The difficulty for Charleston officers to fully explain their suspicions under Section 9 also could pose a problem in the courtroom, experts have said.
But Francis, the police spokesman, said the section was based on “applicable law” and national standards from The Commission on Accreditation for Law Enforcement Agencies, or CALEA. While other portions of the policy cite CALEA, Section 9 of the guide that’s used practically in the field does not note a source.
“This policy is part of what the Police Department utilizes on a daily basis,” Francis said, “to help protect the citizens of Charleston.”
Leaders from the NAACP’s Charleston branch have been the most outspoken about the policy.
But Kimpson, a lifelong member of the civil-rights organization, said he has fielded a variety of complaints about alleged racial profiling.
As a senator for parts of Charleston and Dorchester counties, he explained in his letter to the Judiciary Committee, he was “duty bound” to bring up the matter. Kimpson hoped that any inquiry would give law officers statewide “clear direction that all citizens should be treated with dignity and respect,” he wrote.
Kimpson informed Mayor Joe Riley and Police Chief Greg Mullen of the request. He also spoke with Sen. Gerald Malloy, D-Darlington, who agreed to take up the issue in the Senate’s Criminal Justice Task Force, which Malloy leads.
If the Judiciary Committee faults the Charleston policy, Kimpson said, he would expect the city to consider a change.
“I would think they would be concerned that they are operating under a policy that doesn’t survive constitutional scrutiny,” Kimpson said. “Then I would think they would reform the policy.”
But Robert Ford, who had filled Kimpson’s Senate seat before resigning last year, said measures employed by the Police Department have largely benefited black community members.
Ford got involved in city government during the civil-rights movement, he noted. Then, blacks often protested in front of the Police Department about overbearing tactics.

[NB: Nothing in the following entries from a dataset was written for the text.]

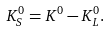Convert formula to latex. <formula><loc_0><loc_0><loc_500><loc_500>K ^ { 0 } _ { S } = K ^ { 0 } - K ^ { 0 } _ { L } .</formula> 
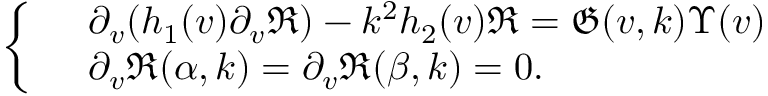<formula> <loc_0><loc_0><loc_500><loc_500>\begin{array} { r } { \left \{ \begin{array} { r l } & { \partial _ { v } ( h _ { 1 } ( v ) \partial _ { v } \mathfrak { R } ) - k ^ { 2 } h _ { 2 } ( v ) \mathfrak { R } = \mathfrak { G } ( v , k ) \Upsilon ( v ) } \\ & { \partial _ { v } \mathfrak { R } ( \alpha , k ) = \partial _ { v } \mathfrak { R } ( \beta , k ) = 0 . } \end{array} } \end{array}</formula> 
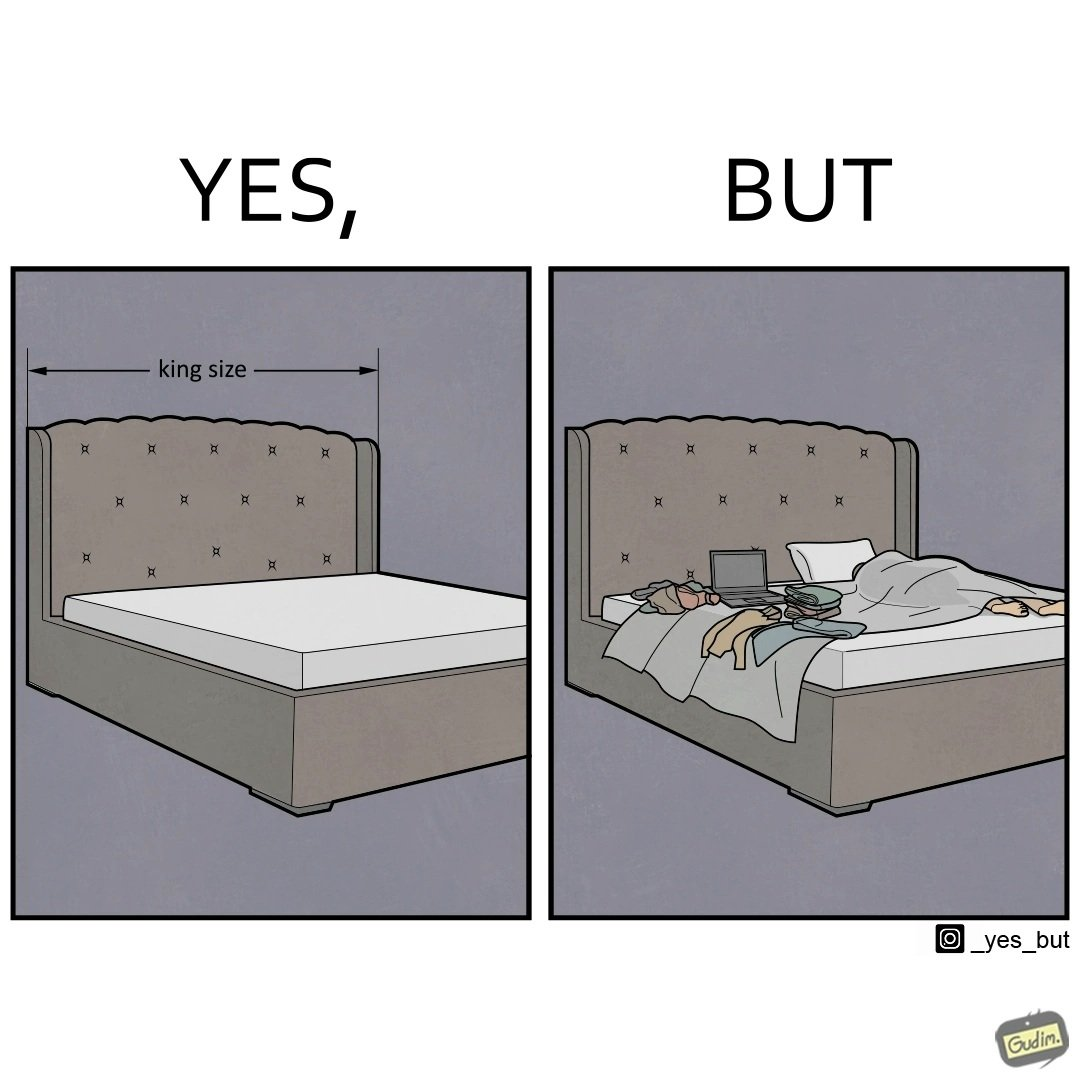Describe the satirical element in this image. Although the person has purchased a king size bed, but only less than half of the space is used by the person for sleeping.

But police efforts since then have rooted out much crime and guarded people’s rights, he said. An earlier version of stop and frisk was part of that.
Reuben Greenberg, Charleston’s first black police chief, touted his department’s “Flying Squad” in newspapers nationwide. Its members would sometimes leap from police cars and frisk suspicious people.

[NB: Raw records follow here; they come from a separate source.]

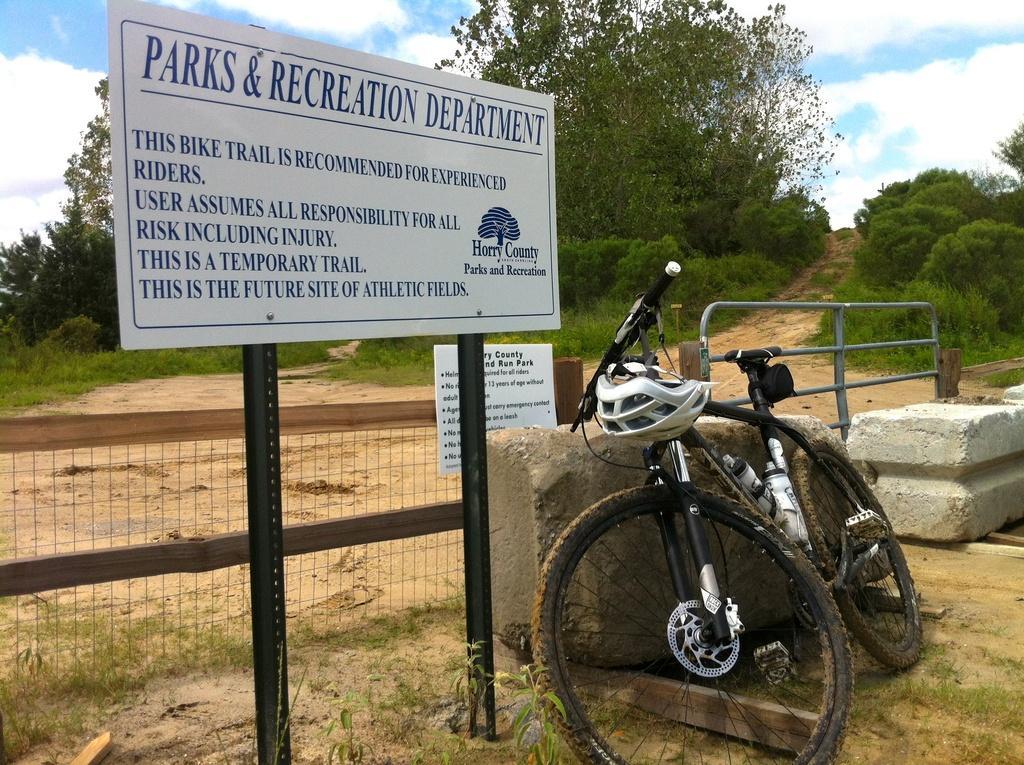Could you give a brief overview of what you see in this image? In this picture we can see a bicycle with a helmet. On the left side of the image, there are poles with a board attached to it. There are cement rocks and a gate. There is another board attached to the fence. Behind the board, there are trees and the sky. 
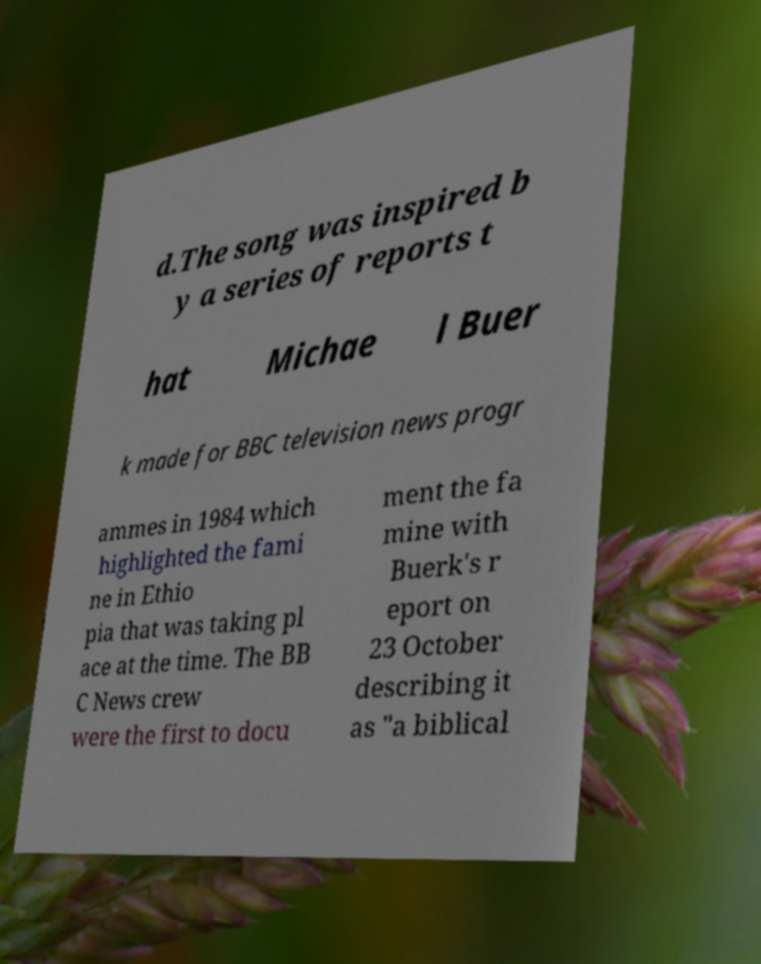Can you accurately transcribe the text from the provided image for me? d.The song was inspired b y a series of reports t hat Michae l Buer k made for BBC television news progr ammes in 1984 which highlighted the fami ne in Ethio pia that was taking pl ace at the time. The BB C News crew were the first to docu ment the fa mine with Buerk's r eport on 23 October describing it as "a biblical 
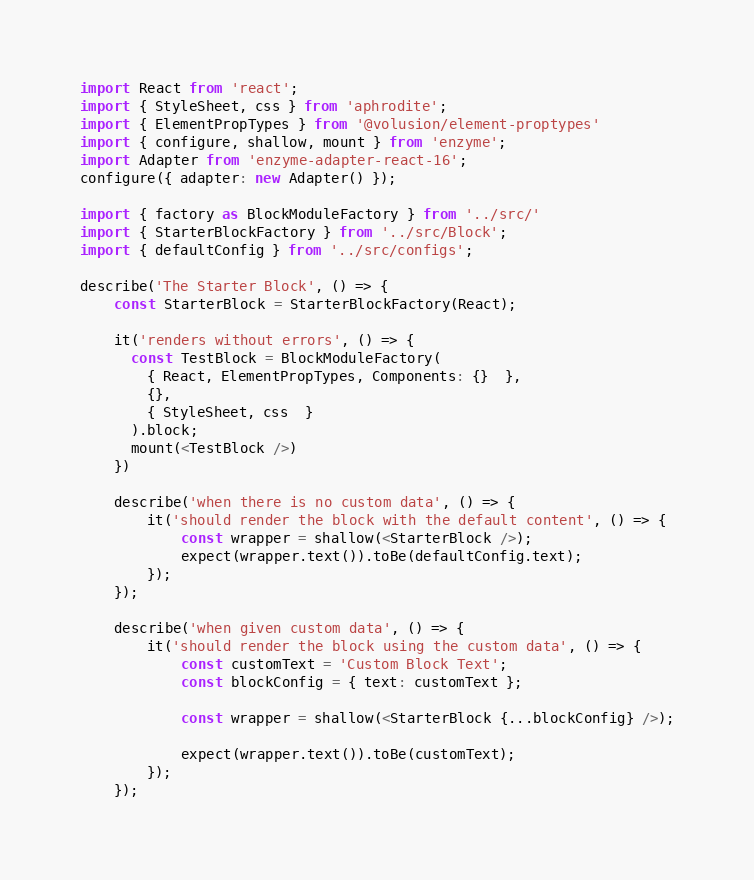Convert code to text. <code><loc_0><loc_0><loc_500><loc_500><_JavaScript_>import React from 'react';
import { StyleSheet, css } from 'aphrodite';
import { ElementPropTypes } from '@volusion/element-proptypes'
import { configure, shallow, mount } from 'enzyme';
import Adapter from 'enzyme-adapter-react-16';
configure({ adapter: new Adapter() });

import { factory as BlockModuleFactory } from '../src/'
import { StarterBlockFactory } from '../src/Block';
import { defaultConfig } from '../src/configs';

describe('The Starter Block', () => {
    const StarterBlock = StarterBlockFactory(React);

    it('renders without errors', () => {
      const TestBlock = BlockModuleFactory(
        { React, ElementPropTypes, Components: {}  },
        {},
        { StyleSheet, css  }
      ).block;
      mount(<TestBlock />)
    })

    describe('when there is no custom data', () => {
        it('should render the block with the default content', () => {
            const wrapper = shallow(<StarterBlock />);
            expect(wrapper.text()).toBe(defaultConfig.text);
        });
    });

    describe('when given custom data', () => {
        it('should render the block using the custom data', () => {
            const customText = 'Custom Block Text';
            const blockConfig = { text: customText };

            const wrapper = shallow(<StarterBlock {...blockConfig} />);

            expect(wrapper.text()).toBe(customText);
        });
    });</code> 
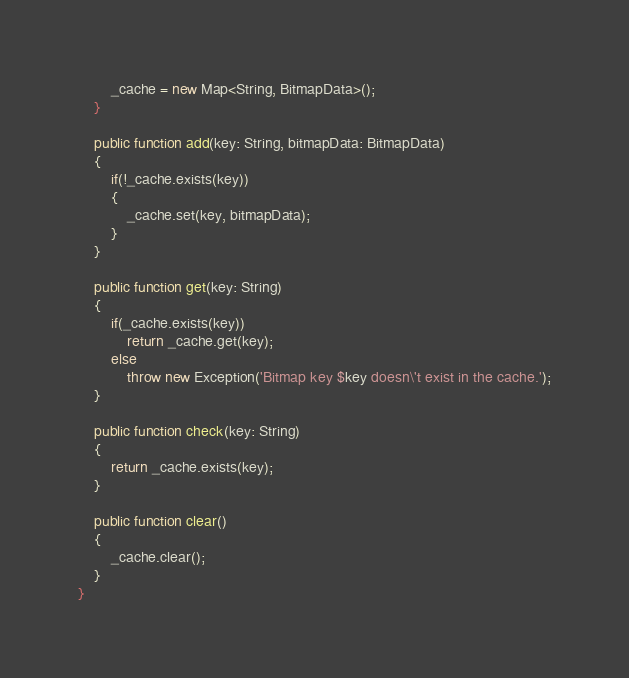<code> <loc_0><loc_0><loc_500><loc_500><_Haxe_>        _cache = new Map<String, BitmapData>();
    }

    public function add(key: String, bitmapData: BitmapData)
    {
        if(!_cache.exists(key))
        {
            _cache.set(key, bitmapData);
        }
    }

    public function get(key: String)
    {
        if(_cache.exists(key))
            return _cache.get(key);
        else
            throw new Exception('Bitmap key $key doesn\'t exist in the cache.');
    }

    public function check(key: String)
    {
        return _cache.exists(key);
    }

    public function clear()
    {
        _cache.clear();
    }
}</code> 
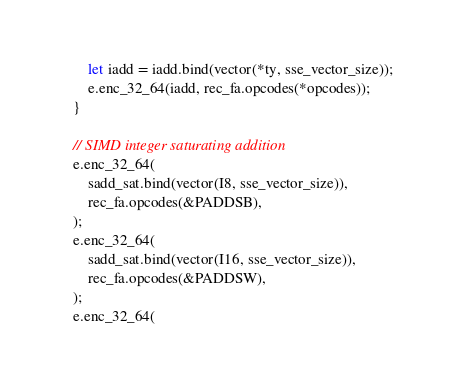<code> <loc_0><loc_0><loc_500><loc_500><_Rust_>        let iadd = iadd.bind(vector(*ty, sse_vector_size));
        e.enc_32_64(iadd, rec_fa.opcodes(*opcodes));
    }

    // SIMD integer saturating addition
    e.enc_32_64(
        sadd_sat.bind(vector(I8, sse_vector_size)),
        rec_fa.opcodes(&PADDSB),
    );
    e.enc_32_64(
        sadd_sat.bind(vector(I16, sse_vector_size)),
        rec_fa.opcodes(&PADDSW),
    );
    e.enc_32_64(</code>

Despite some objections, Greenberg defended the practice as constitutional, and a judge told The New York Times in 1987 that he had never encountered a problem with an arrest by the Flying Squad.
Under Mullen, the most recent policy first came in 2010, when the police saw a summertime spike in homicides. While Ford mentioned that questions remain about Curnell’s death, he said the police should keep proven crime-fighting tools.
“It’s a rough situation to be a policeman with gangbangers running around who think they’re invincible because they have guns,” Ford said. “It makes no sense to send policemen into that situation without a way to make sure they don’t get killed.”